Audience Question: Do you recommend FMLA training strictly for supervisors or is it appropriate for all law enforcement staff?

Rick Hodsdon:  In the ideal world, I think rank-and-file, just like you do bloodwork pathogens, how to fill out a worker’s count for his report of injury. You do some basic training of that sort. A little class like this, an hour of presentation, screening the PowerPoint, and having local training on these issues or having your HR person come over. I think we’d go a long way. There’s a lot of suspicions, “What’s the boss doing to me now?” that I have experienced in a lot of law enforcement agencies. And when the rank-and-file is told “This is intended to help you not to get you,” my experience is that’s reduced anxiety a lot and I’ve done classes for rank-and-file and they’ll go “Gee, I never thought of it that way, thanks.”

 

 

Audience Question: Beyond this webinar, do you have a website for agencies to contact within their state or maybe at least a website they can start with to help them understand this information more regarding training?
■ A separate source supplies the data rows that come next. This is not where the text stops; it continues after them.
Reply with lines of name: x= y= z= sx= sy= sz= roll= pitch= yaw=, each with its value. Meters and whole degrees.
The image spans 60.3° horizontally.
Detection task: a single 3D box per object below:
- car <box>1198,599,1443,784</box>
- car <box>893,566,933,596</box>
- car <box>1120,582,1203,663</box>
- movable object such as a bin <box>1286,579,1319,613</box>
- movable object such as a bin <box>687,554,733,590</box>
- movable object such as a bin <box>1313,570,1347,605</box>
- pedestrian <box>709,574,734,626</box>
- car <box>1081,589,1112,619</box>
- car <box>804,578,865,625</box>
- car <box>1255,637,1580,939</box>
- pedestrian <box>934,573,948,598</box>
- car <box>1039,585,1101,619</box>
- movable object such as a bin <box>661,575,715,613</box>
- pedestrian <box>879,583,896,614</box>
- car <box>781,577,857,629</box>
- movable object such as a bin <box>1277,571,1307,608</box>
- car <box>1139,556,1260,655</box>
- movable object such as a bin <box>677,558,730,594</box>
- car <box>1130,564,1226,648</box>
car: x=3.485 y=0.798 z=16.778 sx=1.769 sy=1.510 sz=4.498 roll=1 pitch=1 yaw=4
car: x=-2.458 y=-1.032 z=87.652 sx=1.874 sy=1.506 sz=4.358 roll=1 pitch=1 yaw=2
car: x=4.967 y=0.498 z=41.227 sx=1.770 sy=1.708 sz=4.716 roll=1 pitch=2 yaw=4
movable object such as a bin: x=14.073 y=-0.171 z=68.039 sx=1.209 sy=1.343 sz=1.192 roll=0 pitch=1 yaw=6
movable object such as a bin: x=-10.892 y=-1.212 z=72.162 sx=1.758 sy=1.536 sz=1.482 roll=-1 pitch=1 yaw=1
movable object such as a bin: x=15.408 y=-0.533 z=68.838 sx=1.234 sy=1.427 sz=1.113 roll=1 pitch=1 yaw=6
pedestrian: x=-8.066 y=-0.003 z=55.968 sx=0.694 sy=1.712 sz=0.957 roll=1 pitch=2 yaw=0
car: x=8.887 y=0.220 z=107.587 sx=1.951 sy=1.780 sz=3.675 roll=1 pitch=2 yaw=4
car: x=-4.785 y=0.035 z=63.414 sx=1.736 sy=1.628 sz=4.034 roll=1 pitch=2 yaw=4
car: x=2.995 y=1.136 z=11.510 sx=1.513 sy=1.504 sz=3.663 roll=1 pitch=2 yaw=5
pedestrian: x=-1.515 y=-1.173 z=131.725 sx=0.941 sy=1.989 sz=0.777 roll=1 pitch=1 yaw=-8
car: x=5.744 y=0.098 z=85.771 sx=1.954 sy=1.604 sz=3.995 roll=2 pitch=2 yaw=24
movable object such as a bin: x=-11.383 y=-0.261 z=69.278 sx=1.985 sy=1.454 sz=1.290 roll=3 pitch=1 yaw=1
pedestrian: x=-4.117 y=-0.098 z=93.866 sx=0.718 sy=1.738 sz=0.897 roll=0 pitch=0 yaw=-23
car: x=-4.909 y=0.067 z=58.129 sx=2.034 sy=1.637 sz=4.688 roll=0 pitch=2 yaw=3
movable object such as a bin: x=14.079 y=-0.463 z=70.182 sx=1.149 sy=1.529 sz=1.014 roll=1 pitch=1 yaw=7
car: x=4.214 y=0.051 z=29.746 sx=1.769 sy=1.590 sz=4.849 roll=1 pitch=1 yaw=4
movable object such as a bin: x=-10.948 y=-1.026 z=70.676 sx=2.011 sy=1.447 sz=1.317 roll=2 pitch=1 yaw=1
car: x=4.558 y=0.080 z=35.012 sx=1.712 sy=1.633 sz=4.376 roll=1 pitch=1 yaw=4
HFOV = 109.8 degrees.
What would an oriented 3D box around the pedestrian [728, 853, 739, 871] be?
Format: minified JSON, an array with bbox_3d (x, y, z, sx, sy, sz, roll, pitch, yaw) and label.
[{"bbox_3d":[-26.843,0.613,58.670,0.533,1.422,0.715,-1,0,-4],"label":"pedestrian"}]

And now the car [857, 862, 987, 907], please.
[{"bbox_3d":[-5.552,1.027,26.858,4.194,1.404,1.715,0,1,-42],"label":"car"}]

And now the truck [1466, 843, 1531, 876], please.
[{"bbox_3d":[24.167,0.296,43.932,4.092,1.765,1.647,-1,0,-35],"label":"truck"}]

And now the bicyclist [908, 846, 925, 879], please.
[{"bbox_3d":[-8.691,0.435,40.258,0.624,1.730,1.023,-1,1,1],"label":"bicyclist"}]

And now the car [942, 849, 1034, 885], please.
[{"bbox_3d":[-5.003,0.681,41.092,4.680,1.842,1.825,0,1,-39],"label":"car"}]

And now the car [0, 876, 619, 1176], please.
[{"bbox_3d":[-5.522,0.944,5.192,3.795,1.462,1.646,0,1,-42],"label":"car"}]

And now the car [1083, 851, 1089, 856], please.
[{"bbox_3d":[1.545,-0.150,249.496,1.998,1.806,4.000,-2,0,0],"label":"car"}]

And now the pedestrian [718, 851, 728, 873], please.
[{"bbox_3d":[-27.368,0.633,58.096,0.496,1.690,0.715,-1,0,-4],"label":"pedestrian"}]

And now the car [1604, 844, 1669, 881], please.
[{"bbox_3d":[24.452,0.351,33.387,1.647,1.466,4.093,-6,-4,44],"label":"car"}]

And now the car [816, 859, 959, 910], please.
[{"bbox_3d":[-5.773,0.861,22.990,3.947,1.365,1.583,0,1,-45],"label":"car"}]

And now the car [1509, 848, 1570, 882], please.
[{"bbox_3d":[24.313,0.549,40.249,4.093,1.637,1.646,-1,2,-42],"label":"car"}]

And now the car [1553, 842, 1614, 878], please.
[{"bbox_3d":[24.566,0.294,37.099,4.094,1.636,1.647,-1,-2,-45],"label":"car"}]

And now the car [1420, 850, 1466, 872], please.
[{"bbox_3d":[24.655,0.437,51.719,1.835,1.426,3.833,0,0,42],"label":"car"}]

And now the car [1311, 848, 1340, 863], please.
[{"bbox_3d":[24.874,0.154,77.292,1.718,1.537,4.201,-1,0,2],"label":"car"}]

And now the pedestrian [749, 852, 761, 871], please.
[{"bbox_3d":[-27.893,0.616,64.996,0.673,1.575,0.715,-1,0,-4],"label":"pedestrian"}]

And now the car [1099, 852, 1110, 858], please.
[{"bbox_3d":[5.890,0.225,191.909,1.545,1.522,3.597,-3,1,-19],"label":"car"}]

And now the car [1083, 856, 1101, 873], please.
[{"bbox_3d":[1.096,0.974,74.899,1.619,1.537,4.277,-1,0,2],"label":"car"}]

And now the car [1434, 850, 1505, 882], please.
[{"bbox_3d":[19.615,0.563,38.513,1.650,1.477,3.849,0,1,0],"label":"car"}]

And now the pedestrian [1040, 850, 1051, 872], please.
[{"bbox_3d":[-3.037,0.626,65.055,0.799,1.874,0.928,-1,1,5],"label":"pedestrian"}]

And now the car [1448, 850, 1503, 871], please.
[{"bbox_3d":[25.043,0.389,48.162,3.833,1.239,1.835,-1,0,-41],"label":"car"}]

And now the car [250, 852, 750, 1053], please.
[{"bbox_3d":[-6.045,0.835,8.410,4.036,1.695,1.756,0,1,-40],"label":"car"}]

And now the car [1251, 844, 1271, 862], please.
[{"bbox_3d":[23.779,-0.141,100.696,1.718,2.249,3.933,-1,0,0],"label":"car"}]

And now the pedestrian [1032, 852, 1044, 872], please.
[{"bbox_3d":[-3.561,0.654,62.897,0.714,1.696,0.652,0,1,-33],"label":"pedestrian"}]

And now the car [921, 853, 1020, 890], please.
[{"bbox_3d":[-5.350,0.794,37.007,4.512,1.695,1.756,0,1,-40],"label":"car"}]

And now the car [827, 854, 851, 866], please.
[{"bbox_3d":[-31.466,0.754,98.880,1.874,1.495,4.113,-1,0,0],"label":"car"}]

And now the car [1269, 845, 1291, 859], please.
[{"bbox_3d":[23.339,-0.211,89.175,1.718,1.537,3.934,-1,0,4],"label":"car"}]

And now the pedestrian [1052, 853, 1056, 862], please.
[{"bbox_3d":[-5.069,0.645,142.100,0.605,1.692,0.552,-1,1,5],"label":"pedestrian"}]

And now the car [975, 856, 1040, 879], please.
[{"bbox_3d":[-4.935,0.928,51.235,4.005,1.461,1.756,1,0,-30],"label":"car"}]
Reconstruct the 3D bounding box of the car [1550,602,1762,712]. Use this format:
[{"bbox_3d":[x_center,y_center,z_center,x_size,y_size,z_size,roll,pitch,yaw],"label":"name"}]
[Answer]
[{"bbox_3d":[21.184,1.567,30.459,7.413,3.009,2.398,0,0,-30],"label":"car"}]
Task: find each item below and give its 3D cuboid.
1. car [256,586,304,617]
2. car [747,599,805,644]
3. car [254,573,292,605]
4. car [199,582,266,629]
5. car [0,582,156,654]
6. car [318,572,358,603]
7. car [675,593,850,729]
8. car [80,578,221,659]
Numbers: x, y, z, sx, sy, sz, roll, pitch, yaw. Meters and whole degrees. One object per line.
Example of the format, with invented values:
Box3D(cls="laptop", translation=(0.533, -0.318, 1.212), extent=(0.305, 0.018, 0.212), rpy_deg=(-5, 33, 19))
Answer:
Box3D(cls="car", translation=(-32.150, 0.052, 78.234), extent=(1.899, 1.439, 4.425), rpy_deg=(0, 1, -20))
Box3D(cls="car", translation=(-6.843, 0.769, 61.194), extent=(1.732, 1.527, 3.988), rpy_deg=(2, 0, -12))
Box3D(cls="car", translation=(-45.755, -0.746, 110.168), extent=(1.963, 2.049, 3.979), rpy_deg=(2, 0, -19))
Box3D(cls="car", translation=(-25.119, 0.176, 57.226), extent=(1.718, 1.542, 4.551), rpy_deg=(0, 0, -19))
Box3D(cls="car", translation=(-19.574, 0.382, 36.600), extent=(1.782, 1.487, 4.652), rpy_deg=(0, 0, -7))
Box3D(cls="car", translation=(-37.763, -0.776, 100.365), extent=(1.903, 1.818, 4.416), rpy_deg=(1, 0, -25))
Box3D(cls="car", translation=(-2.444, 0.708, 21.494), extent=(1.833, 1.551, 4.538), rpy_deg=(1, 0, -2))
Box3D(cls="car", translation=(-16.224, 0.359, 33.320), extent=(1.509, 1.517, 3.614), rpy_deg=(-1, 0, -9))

Rick Hodsdon:  I would strongly encourage and suggest you go to the United States Department of Labor. They cover not only the Family Medical Leave Act but they cover fair labor standards act, which is also a major topic. And they have pamphlets, frequently asked questions, I’ve seen some training type material, some resources, inside the federal level, that’s a great resource. At the state level, if you’re trying to figure out if you have unique or special Family Medical Leave Act type of state laws, usually your State Department of Economic Security, State Department of Labor, Labor and Industry, whatever they’re called, are also a really good source for that information.

 

 

Audience Question: You mentioned that an employee can be reassigned to a different role as long as there isn’t economic harm or impact. But what about professional harm or career impact? I’m thinking of, I’m sensing out from this question, the person is thinking about professional trajectory, professional advancement, those kinds of things.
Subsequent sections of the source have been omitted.